15 Temmuz' da Türkiye'yi yutmaya çalışan kara deliğin eşiğinden döndük. Yarım asra yaklaşan puslu karanlık hava, yerini aydınlığa bıraktı. Bu rahmeti Türkiye'ye bağışlayan Mevla'ya şükürler olsun. Evinde, sokakta, arabada bu kalkışamaya karşı yüreğini koymaya hazır milyonlar olarak bekliyorduk. Başkomutanın çağrısı ile destansı bir mücadele başladı. Yılan taslakları hakikat asasıyla derdest edildi.

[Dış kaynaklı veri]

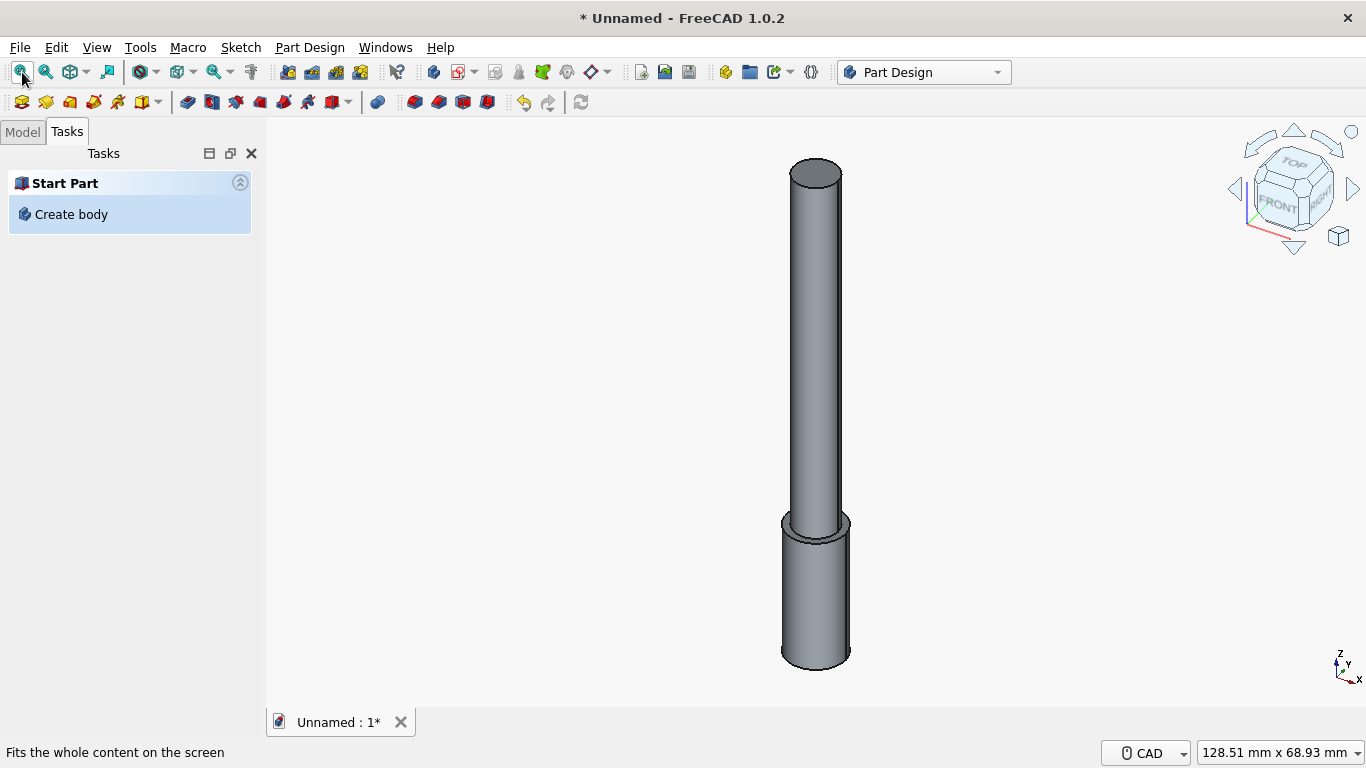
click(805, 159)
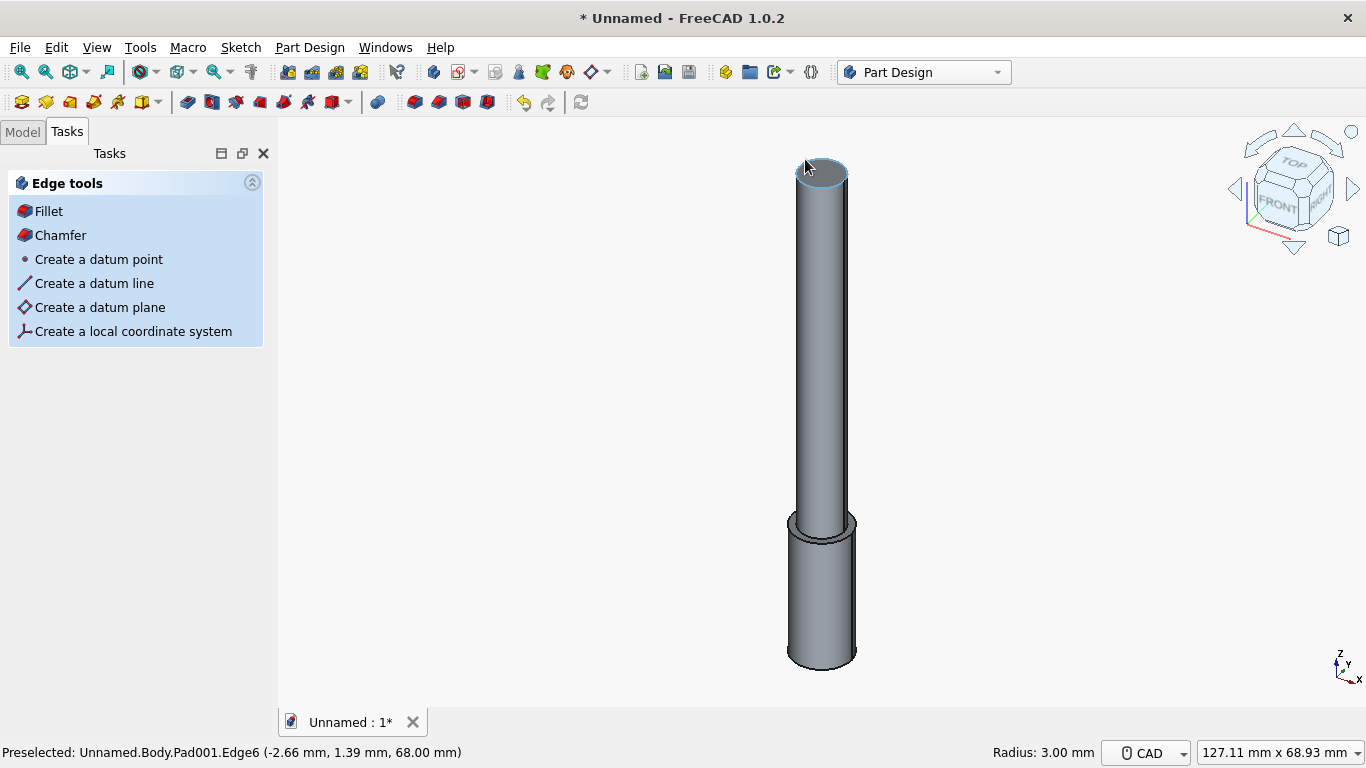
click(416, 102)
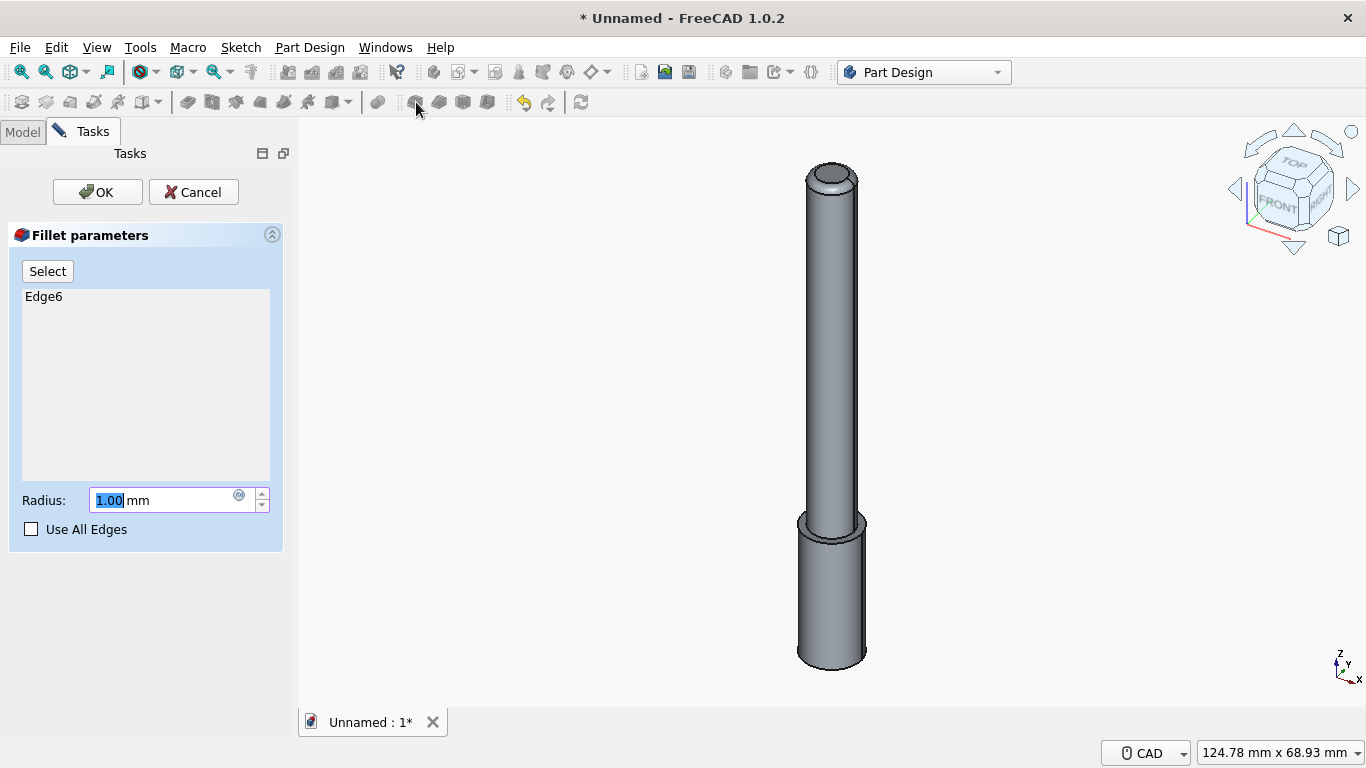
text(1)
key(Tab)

15 Temmuz'un ardından, FETÖ gibi ılımlı ‘görünen' bir yapının kan dökücü bir örgüte dönüşme süreci üzerinde durmak istiyorum. Baktığımızda bir paradoks göze batmaktadır. Bir yanda dini referanslar ileri sürmek, öte yandan küresel güçlerin kirli emelleri için kullanışlı bir yapı olmak. Açıklamaya muhtaç bir durum. Bu tezadı anlaşılır kılan büyünün adı; ‘yorum'dur. Evet, yorum zıt olan iki şeyi aynı kümede topluyordu.
Örgütte bunu yaptı. Ezoterik anlayışla hukuka uymayan her şey için bir yorum üretti. Örgüt dışında pek anlaşılamayan bu yorumlar, maslahat denilen kazanımları açıklıyordu. Zorlama yorumlar ve sırlarla dolu kült bir bakıştı. Kült yapı büyüdükçe, paylaşılan sırlar artıyordu. Açıklanması zor işlere rahatlıkla girişiliyordu.
Kült yapının özellikleri nelerdir? Öncelikle mensup kişi önce gizemle tanışır. Düşünce ve akılla değerlendirebileceği bir süreç geçirmeden duyguyla tanışır. Din algısı bu şekilde gelişir. Bir büyük otorite gücün esrarengiz ve kutsal bağlayıcılığına dahil olur. Düşünce boşluğunu fazlasıyla dolduran ise duygu bağlanmasıdır. Sorgulama yapılabilecek bütün doneler kişinin iradesinden yalıtılır. Bu bir bakıma ‘düşünce yalıtımı'dır.
Gözünü bu yapıda açan bireyin ilk karşılaştığı şey ‘sır'dı. Büyük sırlar vardı; örgüt sırları paylaşıldıkça manevi bir bağlanma gerçekliyordu. Bununla birlikte yapıdan kopmayı imkansız kılan ‘bilgiler' çıkış kapısını kapatıyordu.
Paralel bağlanmayı güçlü kılan birinci etken, kült yapının sırlı lideriydi. Gülen'e atfetilen olağanüstülükler büyüleyiciydi. Ona atfedilen zeka, hafıza, keşif ve kerametler bireyin bağ dokusunu güçlendiriyordu.